All species with the above formats can be analyzed in the RseqFlow Pipeline.

 Reference

[1]Chen, Y., Souaiaia, T. and Chen, T. (2009) PerM: efficient mapping of short sequencing reads with periodic full sensitive spaced seeds, bioinformatics, 25, 2514-2521.

[2]Langmead B, Trapnell C, Pop M, Salzberg SL.(2009) Ultrafast and memory-efficient alignment of short DNA sequences to the human genome. Genome Biol 10:R25.

[3]Li H. and Durbin R. (2009) Fast and accurate short read alignment with Burrows-Wheeler Transform. Bioinformatics, 25:1754-60.

[4]Wang L, Wang S, Li W RSeQC: quality control of RNA-seq experiments Bioinformatics (2012) 28 (16): 2184-2185.

[5]Ying Wang, Gaurang Mehta, Rajiv Mayani, Tade Souaiaia, Yangho Chen, Andrew Clark, Lin Wan, Oleg V. Evgrafov, James A. Knowles, Ewa Deelman and Ting Chen, RseqFlow: workflows for RNA-Seq data analysis.
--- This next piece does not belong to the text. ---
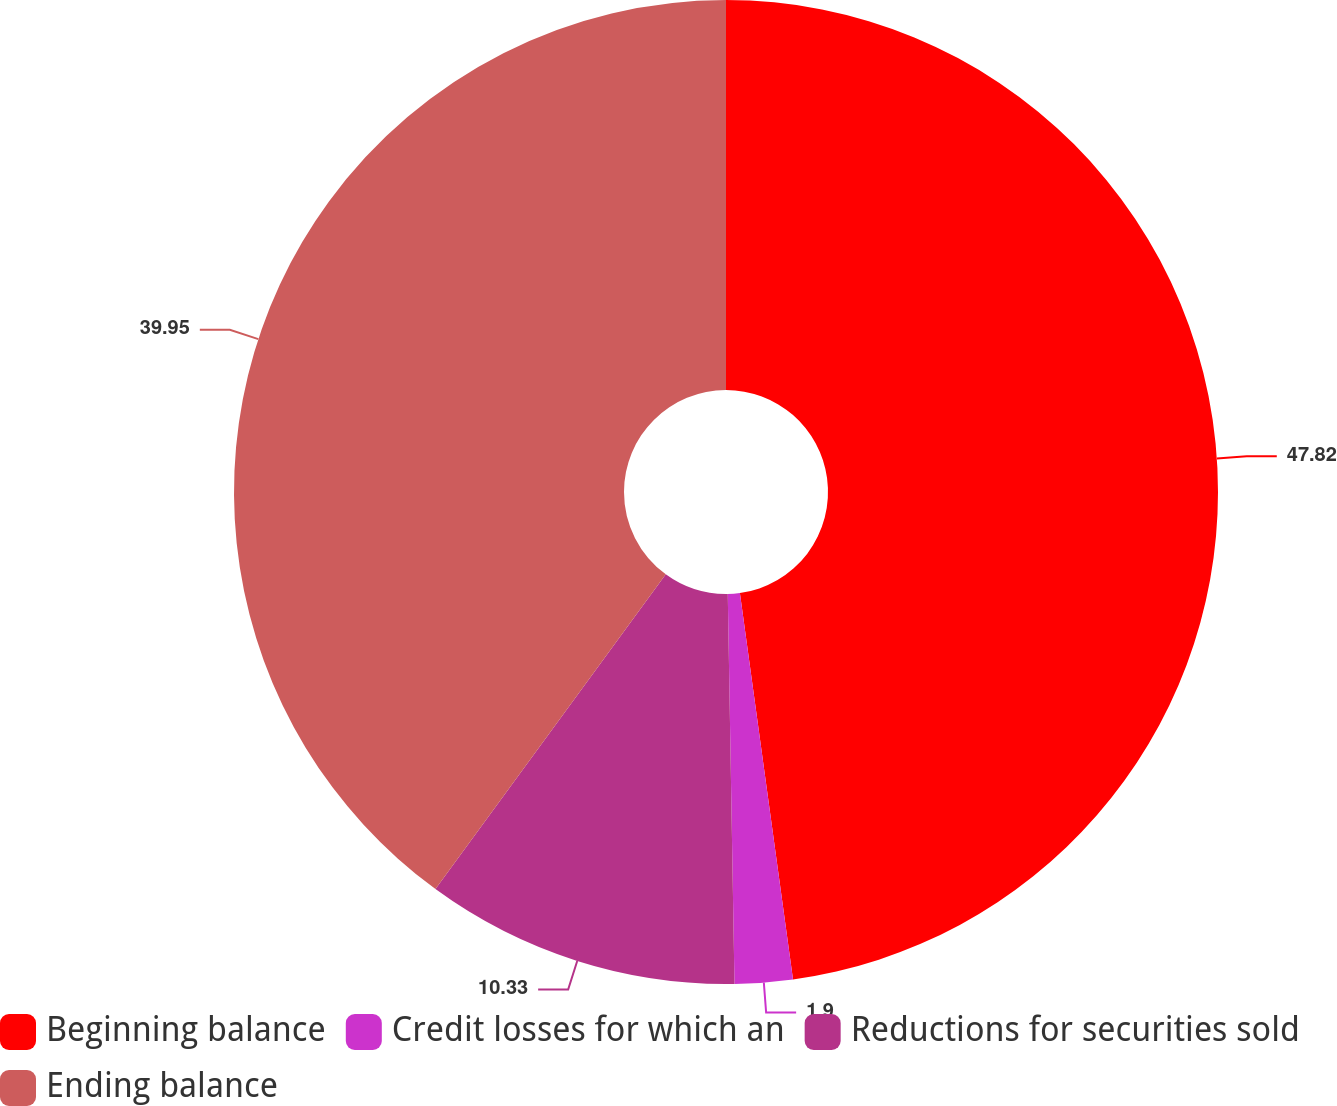Convert chart. <chart><loc_0><loc_0><loc_500><loc_500><pie_chart><fcel>Beginning balance<fcel>Credit losses for which an<fcel>Reductions for securities sold<fcel>Ending balance<nl><fcel>47.83%<fcel>1.9%<fcel>10.33%<fcel>39.95%<nl></chart> 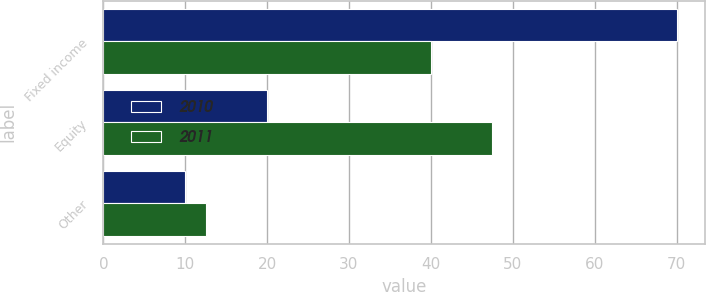Convert chart to OTSL. <chart><loc_0><loc_0><loc_500><loc_500><stacked_bar_chart><ecel><fcel>Fixed income<fcel>Equity<fcel>Other<nl><fcel>2010<fcel>70<fcel>20<fcel>10<nl><fcel>2011<fcel>40<fcel>47.5<fcel>12.5<nl></chart>

Bioinformatics, 2011, 27 (18): 2598–2600.

[6]Simon Anders and Wolfgang Huber: Differential expression analysis for sequence count data Genome Biology (2010) 11:R106

[7]Wan L and Sun:CEDER: Accurate detection of differentially expressed genes by combining significance of exons using RNA-Seq,(2012), IEEE/ACM Transactions on Computational Biology and Bioinformatics, 9(5): 1281-1292.

[8]Li, H., Handsaker, B., Wysoker, A., Fennell, T., Ruan, J., Homer, N., Marth, G., Abecasis, G., Durbin, R. and Subgroup, G.P.D.P. (2009) The Sequence alignment/map (SAM) format and SAMtools, Bioinformatics, 25, 2078-2079.

[9]Lukas Habegger, Andrea Sboner, etc.(2010). RSEQtools: A modular framework to analyze RNA-Seq data using compact, anonymized data summaries. Bioinformatics.